Пипру невольно спрятался за куст. Прежде чем сообразил, что это было.
Индра посмотрел на робкую услужливость Насатьи, протянувшего ему палицу.
– Теперь смотри! – снова заревел ужасный голос.
Намучи стоял в нескольких шагах от обезумевшего Индры. С внезапной лёгкостью кшатрий метнул палицу. Беднягу дана просто унесло. А траву и кусты забрызгало его мозгами.
ГЛАВА ТРИДЦАТЬ ВОСЬМАЯ
«Значит, сома!» – говорил себе Индра, не отвлекая мозги на пустую болтовню Намучи. Удивительный напиток сам шёл к воину. Сам выбрал его в качестве жертвы. Но жертвы ли? Почему Дадхъянч называл сому 'бурей при ясном небе? «Чтобы соединить силы Просветителя и Быка, нужна буря, которую создаёт сома…» – говорил Дадхъянч. Может быть, это и есть дхи – сила прозрения, четвёртая грань истины, открытая только арийскому духу? И открытая, только благодаря соме? Кто испытал дхи? О ней говорят и сиддхи и бхриги, но никто сам не достигал её. Потому что человеку нельзя трогать принадлежащее богам. По крайней мере, так считается. Другое дело – когда тебе навязывают сому. Нет, упустить такой возможности Индра не мог.
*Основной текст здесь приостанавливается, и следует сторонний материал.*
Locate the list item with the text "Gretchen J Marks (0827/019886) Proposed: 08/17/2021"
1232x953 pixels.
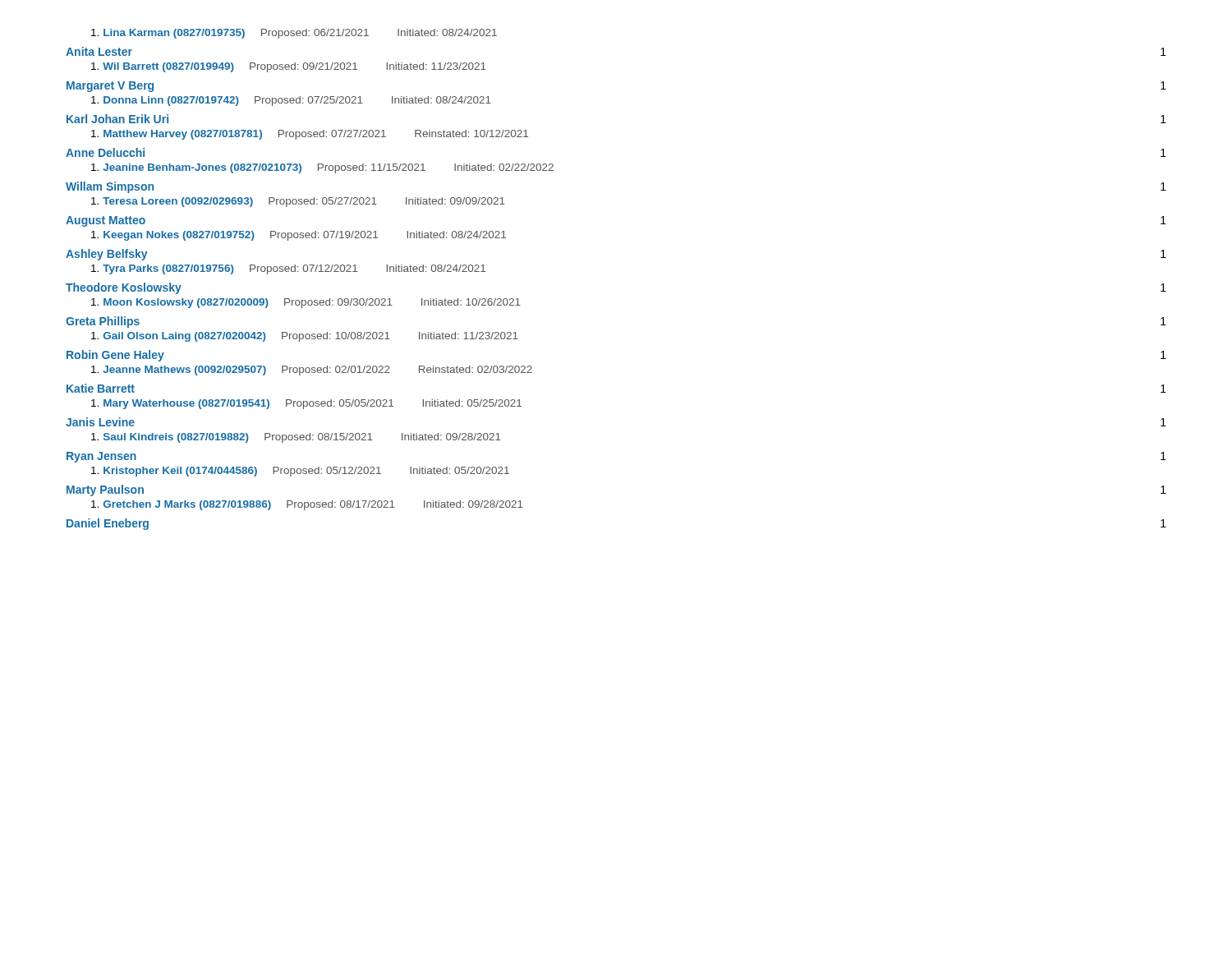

Он собрался пить уготовленную ему отраву.
– Архари! – вдруг сказал кшатрий, погружённый в самого себя.
– Что? – не понял его собеседник.
– Ничего. Плесни-ка ещё суры.
– До чего ж вы, арийцы, здоровы её пить! У меня уже голова идёт кругом.
– Мы её пьём, – заговорил Индра, преодолевая сопротивление языка, – для того чтобы оставаться трезвыми. Даже в таком состоянии. А ты – для того чтобы стать пьяным. Чувствуешь разницу между собой и «благородными»?
– Ладно, – отмахнулся Намучи. – Пусть я дурак. Как ты говоришь. Но я всё равно великий воин, а ты… а ты… А я не знаю, кто ты. Кто ты, а?
– Я смотрю, ты напился.
– Напился. И на бок свалился. А тебя, значит, сура не берёт? Потому что ты «благородный»? Есть у меня кое-что и покрепче. Но тут твоего «благородства» может и не хватить.
Намучи противно захихикал, извлекая из сумы жбачок.
– Доставай! Сейчас посмотрим, что это за дрянь, – играл свою роль Индра.
– Вот, – показал Намучи. – Но я не «благородный», мне её пить нельзя.